Not a chance. IPv6 ate way more memory than IPv4 and memory was expensive back in 1995. Even IPv4 proliferation was chewing up memory and that was why the IETF introduced Classless Inter-Domain Routing (CIDR) in 1993 which gave us subnet masking.
Memory cost was a problem in routing tables until after both the DotBomb and the TeleBomb.
They weren't all that wrong. NAT was an incompatible protocol upgrade - that's why it broke protocols that made pre-NAT assumptions, like FTP - but it kept most of them working. DNS64 is also an incompatible protocol upgrade that breaks protocols that make pre-DNS64 assumptions, like hardcoding addresses - but it keeps most keeps of them working.
In DNS64, whenever your DNS resolver encounters an IPv4-only site, it translates it to an IPv6 address under a translator prefix, and returns that address to the client.

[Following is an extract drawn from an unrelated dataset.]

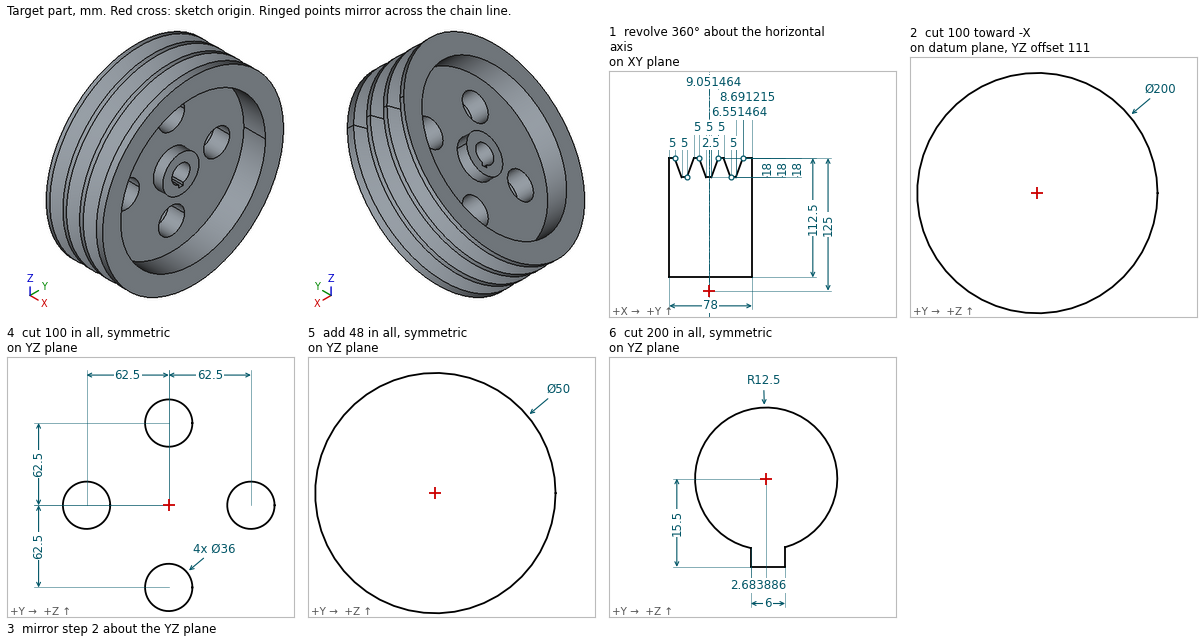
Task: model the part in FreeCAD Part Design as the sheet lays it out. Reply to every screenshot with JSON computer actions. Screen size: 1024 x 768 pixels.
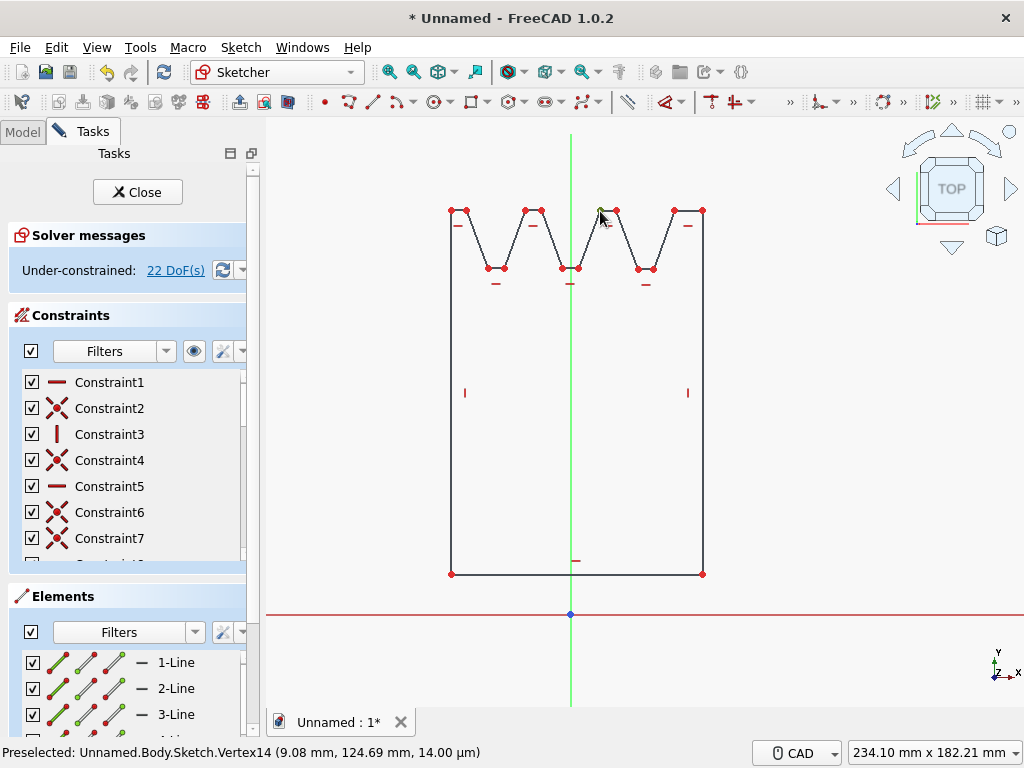
{"action": "left_click", "coordinate": [542, 210]}

The client connects to the translator server via that address, and the translator server opens an IPv4 connection to the website. Your side of the network is IPv6-only, not even running tunneled v4.
This only breaks things to about the same small extent that the introduction of NAT did.
iOS is benefitted from a heavy handed mandate so that it and all of its apps sing on IPv6 only networks. They just need to expose IPv4 internet as IPv6 addresses.
I said "whenever anybody says it's bad and tries to come up with a better alternative, they end up coming up with something equivalent to IPv6", and that's what you did here. And as predicted, it was 6to4 you reinvented.
v4 extension headers are well known to get your packets dropped on the Internet, so they're a non-starter, but there's another extension mechanism you can use: you can set the "next protocol" field to a special value, then put the extended address at the start of the payload, followed by the original payload. This is functionally identical to using extension headers, but using a mechanism that doesn't get your packets dropped.
Far from not being seriously considered, this approach was adopted in v6 as RFC 3056.
> Except after the upgrade, there'd be no parallel system.
No. You get a parallel system because v6 addresses are too big to work with v4. Even if you used extension headers, v6 addresses would still be too big to work with v4. Whatever you do, v6 addresses are too big to work with v4. You WILL get a parallel system, and there's no way around this other than not making the addresses bigger.
The hopes were for a converged software stack, but the candidates were all parallel protocols competing with IPv4. A full transition would end with the extinction of IPv4. Upgrading IPv4, quite apart from the brass tacks of the wire format, would have entailed variable-length addresses and even the idea of starting a new protocol with 64-bit addresses with an upgrade path was considered far too scary at the time. That was only one of a slew of non-technical requirements imposed from above for future proofing, NIH paranoia, vague security promises and politics in general.
A decade later, when IPv6 had real-world deployments was far to late for 6to4 to save the day: entirely because a swath of non-6to4 addresses existed and needed to be reachable. Given no strategic gain apparent for upgrading the commercial core, aligning financial interests by upgrading past the edge instead would absolutely have made sense. Unfortunately the hard parts the engineers anticipated in the early 90s were not the ones that held IPv6 back.
Yes, of course they were all parallel protocols -- because your problem here is that v4 doesn't _have_ variable-length addresses. It's trivial to imagine a version of v4 that does, but that version would also be a parallel protocol to the version of v4 we actually have.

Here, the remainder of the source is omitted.